[Records from a collection]
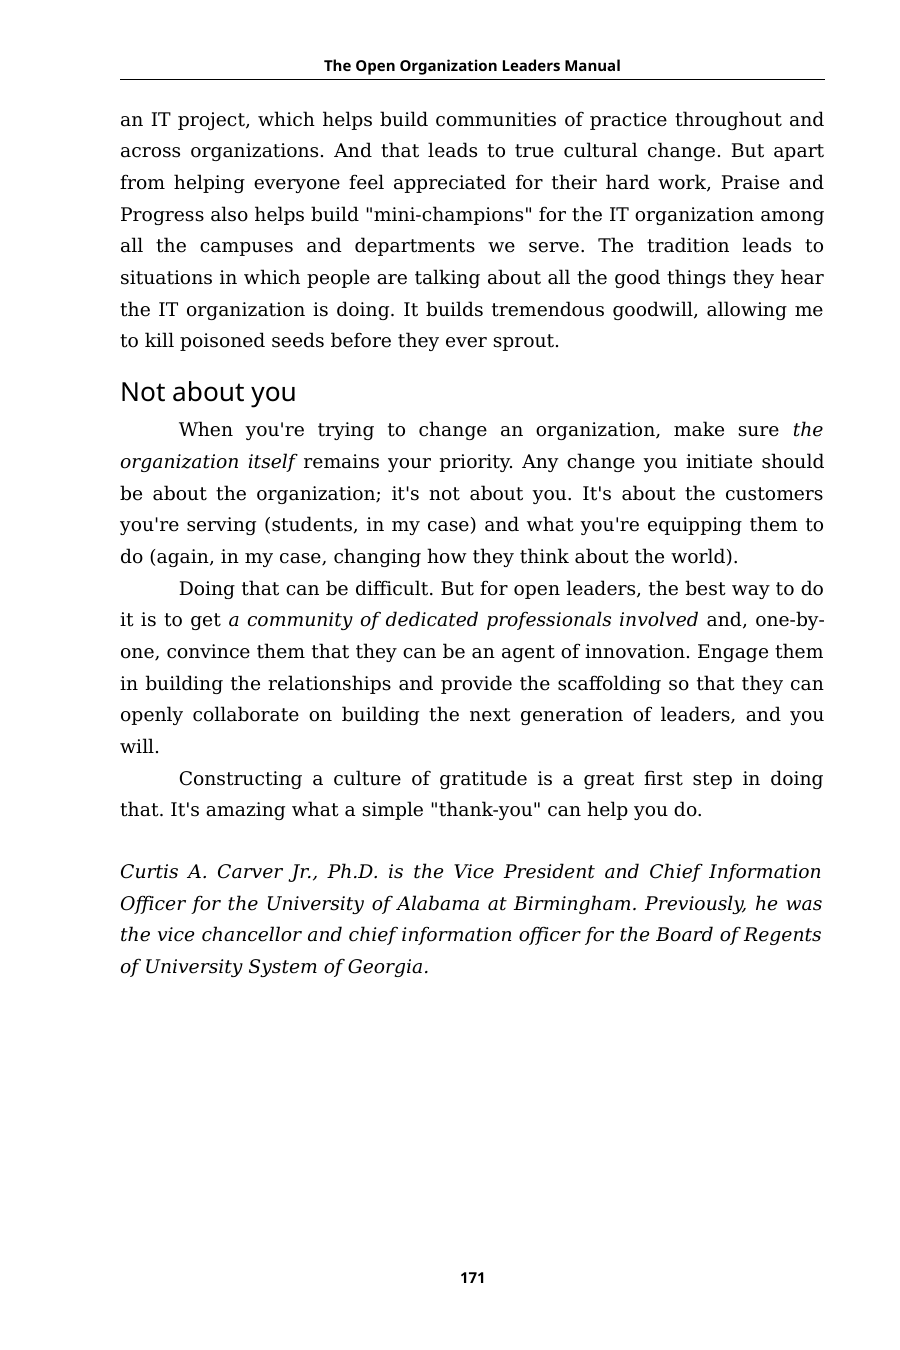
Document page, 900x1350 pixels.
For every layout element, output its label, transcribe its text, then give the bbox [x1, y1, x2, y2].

text an IT project, which helps build communities of practice throughout and across organizations. And that leads to true cultural change. But apart from helping everyone feel appreciated for their hard work, Praise and Progress also helps build "mini-champions" for the IT organization among all the campuses and departments we serve. The tradition leads to situations in which people are talking about all the good things they hear the IT organization is doing. It builds tremendous goodwill, allowing me to kill poisoned seeds before they ever sprout. [120, 109, 825, 352]
text Constructing a culture of gratitude is a great first step in doing that. It's amazing what a simple "thank-you" can help you do. [120, 768, 825, 821]
subtitle Not about you [120, 377, 825, 407]
text When you're trying to change an organization, make sure the organization itself remains your priority. Any change you initiate should be about the organization; it's not about you. It's about the customers you're serving (students, in my case) and what you're equipping them to do (again, in my case, changing how they think about the world). [120, 419, 825, 568]
text Curtis A. Carver Jr., Ph.D. is the Vice President and Chief Information Officer for the University of Alabama at Birmingham. Previously, he was the vice chancellor and chief information officer for the Board of Regents of University System of Georgia. [120, 861, 825, 978]
text Doing that can be difficult. But for open leaders, the best way to do it is to get a community of dedicated professionals involved and, one-by-one, convince them that they can be an agent of innovation. Engage them in building the relationships and provide the scaffolding so that they can openly collaborate on building the next generation of leaders, and you will. [120, 578, 825, 758]
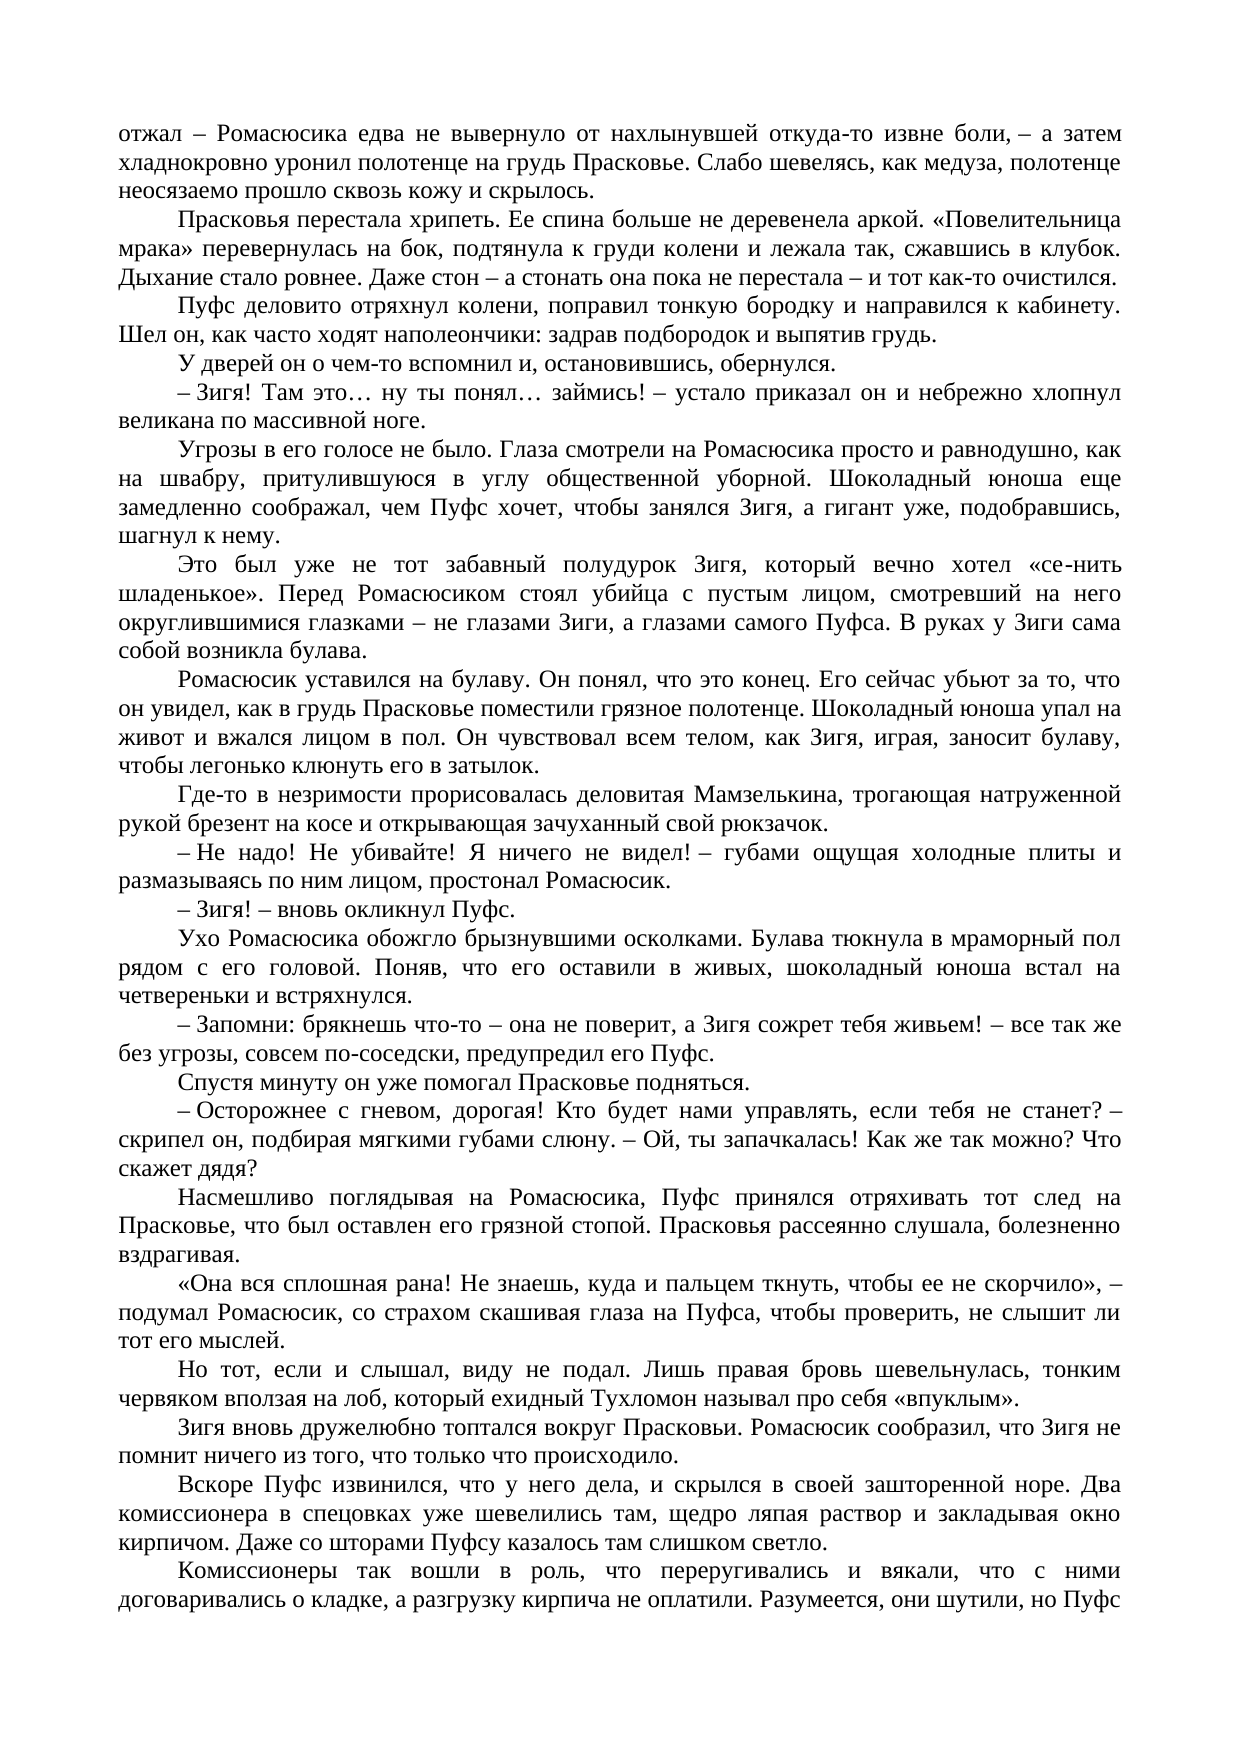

# What this task involves:
Copy exactly the lines that run from the line containing "subtitle Not about you [120, 377, 825, 407]" to the end of the data, keeping both end lines and dropping every picture.

# Answer to this problem:
subtitle Not about you [120, 377, 825, 407]
text When you're trying to change an organization, make sure the organization itself remains your priority. Any change you initiate should be about the organization; it's not about you. It's about the customers you're serving (students, in my case) and what you're equipping them to do (again, in my case, changing how they think about the world). [120, 419, 825, 568]
text Curtis A. Carver Jr., Ph.D. is the Vice President and Chief Information Officer for the University of Alabama at Birmingham. Previously, he was the vice chancellor and chief information officer for the Board of Regents of University System of Georgia. [120, 861, 825, 978]
text Doing that can be difficult. But for open leaders, the best way to do it is to get a community of dedicated professionals involved and, one-by-one, convince them that they can be an agent of innovation. Engage them in building the relationships and provide the scaffolding so that they can openly collaborate on building the next generation of leaders, and you will. [120, 578, 825, 758]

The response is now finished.